Begin at the top of the following data. Copy each line exactly until you have copied the line containing "Answer: 0.314 By".

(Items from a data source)
* * * * * * *
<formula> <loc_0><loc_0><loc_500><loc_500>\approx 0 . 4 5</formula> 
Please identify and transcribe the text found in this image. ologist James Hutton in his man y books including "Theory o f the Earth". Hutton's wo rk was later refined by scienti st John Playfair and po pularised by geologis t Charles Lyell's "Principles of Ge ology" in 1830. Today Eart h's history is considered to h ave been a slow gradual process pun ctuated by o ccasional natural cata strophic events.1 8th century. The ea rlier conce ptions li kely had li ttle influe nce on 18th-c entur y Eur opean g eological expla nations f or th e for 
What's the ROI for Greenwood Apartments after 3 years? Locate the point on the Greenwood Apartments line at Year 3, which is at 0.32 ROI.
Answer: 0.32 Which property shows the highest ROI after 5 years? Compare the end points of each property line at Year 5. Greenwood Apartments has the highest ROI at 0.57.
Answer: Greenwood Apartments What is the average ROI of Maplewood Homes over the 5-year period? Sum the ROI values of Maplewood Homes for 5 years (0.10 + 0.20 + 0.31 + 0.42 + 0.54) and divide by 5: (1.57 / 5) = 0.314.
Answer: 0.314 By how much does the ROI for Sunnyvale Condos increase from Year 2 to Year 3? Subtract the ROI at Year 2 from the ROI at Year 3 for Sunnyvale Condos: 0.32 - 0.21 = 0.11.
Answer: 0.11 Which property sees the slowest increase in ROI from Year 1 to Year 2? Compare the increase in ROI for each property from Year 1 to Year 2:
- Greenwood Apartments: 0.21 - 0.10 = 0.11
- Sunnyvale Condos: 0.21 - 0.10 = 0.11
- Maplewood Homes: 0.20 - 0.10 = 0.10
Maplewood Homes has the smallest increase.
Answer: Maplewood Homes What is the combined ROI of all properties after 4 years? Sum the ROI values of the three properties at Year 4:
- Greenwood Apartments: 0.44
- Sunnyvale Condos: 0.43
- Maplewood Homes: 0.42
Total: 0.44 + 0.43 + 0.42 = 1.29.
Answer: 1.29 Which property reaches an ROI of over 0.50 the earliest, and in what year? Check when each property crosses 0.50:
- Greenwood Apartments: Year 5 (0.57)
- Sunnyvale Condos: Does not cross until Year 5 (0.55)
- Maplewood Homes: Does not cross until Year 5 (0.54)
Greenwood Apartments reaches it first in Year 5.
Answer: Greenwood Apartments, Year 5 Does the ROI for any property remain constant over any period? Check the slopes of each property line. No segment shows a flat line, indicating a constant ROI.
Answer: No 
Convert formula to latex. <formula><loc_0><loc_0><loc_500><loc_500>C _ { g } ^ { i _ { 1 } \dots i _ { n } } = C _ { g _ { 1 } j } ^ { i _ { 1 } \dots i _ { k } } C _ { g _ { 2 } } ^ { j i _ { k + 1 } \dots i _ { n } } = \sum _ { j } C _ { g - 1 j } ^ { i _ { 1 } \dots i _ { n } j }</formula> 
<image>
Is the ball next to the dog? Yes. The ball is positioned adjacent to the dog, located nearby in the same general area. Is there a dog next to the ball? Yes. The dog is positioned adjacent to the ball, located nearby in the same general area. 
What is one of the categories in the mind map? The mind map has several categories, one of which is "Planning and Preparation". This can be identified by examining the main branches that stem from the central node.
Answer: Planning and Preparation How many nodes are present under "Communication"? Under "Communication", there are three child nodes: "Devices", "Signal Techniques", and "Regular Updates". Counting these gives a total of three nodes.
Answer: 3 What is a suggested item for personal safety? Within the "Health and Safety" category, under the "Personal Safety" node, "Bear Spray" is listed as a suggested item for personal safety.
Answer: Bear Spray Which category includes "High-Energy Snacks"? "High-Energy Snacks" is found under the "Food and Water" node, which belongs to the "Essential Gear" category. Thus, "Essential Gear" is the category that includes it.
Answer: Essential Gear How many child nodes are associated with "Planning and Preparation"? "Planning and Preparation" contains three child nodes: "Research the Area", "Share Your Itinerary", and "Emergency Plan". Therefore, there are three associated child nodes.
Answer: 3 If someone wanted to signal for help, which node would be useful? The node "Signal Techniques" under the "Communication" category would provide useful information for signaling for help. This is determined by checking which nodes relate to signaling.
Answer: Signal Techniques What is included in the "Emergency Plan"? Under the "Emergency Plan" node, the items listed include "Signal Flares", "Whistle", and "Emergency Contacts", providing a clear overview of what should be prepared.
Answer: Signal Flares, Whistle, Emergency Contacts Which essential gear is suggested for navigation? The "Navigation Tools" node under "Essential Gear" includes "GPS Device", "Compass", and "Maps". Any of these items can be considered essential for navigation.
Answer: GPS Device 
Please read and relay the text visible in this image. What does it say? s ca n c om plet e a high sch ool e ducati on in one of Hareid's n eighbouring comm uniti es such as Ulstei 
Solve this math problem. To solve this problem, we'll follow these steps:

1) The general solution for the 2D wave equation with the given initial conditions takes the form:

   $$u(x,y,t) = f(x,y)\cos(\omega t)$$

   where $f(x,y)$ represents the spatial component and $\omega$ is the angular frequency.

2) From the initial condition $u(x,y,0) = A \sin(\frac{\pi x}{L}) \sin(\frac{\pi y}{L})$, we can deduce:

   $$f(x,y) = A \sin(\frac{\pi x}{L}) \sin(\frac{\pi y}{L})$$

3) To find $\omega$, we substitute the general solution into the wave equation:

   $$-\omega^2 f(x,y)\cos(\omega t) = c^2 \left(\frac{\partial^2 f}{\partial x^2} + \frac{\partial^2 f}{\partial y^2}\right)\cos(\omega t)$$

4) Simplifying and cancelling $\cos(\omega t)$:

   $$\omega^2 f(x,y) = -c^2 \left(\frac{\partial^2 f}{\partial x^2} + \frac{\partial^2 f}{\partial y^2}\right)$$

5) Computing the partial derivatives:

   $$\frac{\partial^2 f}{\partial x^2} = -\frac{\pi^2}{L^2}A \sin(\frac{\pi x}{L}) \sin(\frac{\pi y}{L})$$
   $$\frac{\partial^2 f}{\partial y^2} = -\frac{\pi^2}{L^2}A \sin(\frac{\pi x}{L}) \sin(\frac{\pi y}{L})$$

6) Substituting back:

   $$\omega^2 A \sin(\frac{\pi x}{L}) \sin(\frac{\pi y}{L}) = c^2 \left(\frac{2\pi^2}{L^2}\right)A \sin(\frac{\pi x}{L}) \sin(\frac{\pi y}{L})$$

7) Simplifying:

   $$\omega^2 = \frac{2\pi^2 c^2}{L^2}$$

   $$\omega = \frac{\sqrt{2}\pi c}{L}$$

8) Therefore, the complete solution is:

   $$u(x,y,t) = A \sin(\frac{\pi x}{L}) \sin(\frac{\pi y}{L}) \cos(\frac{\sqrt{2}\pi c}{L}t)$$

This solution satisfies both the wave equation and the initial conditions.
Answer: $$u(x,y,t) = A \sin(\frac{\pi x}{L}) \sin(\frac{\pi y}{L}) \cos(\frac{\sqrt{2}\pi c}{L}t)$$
* * * * * * *
Output:
<formula> <loc_0><loc_0><loc_500><loc_500>\approx 0 . 4 5</formula> 
Please identify and transcribe the text found in this image. ologist James Hutton in his man y books including "Theory o f the Earth". Hutton's wo rk was later refined by scienti st John Playfair and po pularised by geologis t Charles Lyell's "Principles of Ge ology" in 1830. Today Eart h's history is considered to h ave been a slow gradual process pun ctuated by o ccasional natural cata strophic events.1 8th century. The ea rlier conce ptions li kely had li ttle influe nce on 18th-c entur y Eur opean g eological expla nations f or th e for 
What's the ROI for Greenwood Apartments after 3 years? Locate the point on the Greenwood Apartments line at Year 3, which is at 0.32 ROI.
Answer: 0.32 Which property shows the highest ROI after 5 years? Compare the end points of each property line at Year 5. Greenwood Apartments has the highest ROI at 0.57.
Answer: Greenwood Apartments What is the average ROI of Maplewood Homes over the 5-year period? Sum the ROI values of Maplewood Homes for 5 years (0.10 + 0.20 + 0.31 + 0.42 + 0.54) and divide by 5: (1.57 / 5) = 0.314.
Answer: 0.314 By how much does the ROI for Sunnyvale Condos increase from Year 2 to Year 3? Subtract the ROI at Year 2 from the ROI at Year 3 for Sunnyvale Condos: 0.32 - 0.21 = 0.11.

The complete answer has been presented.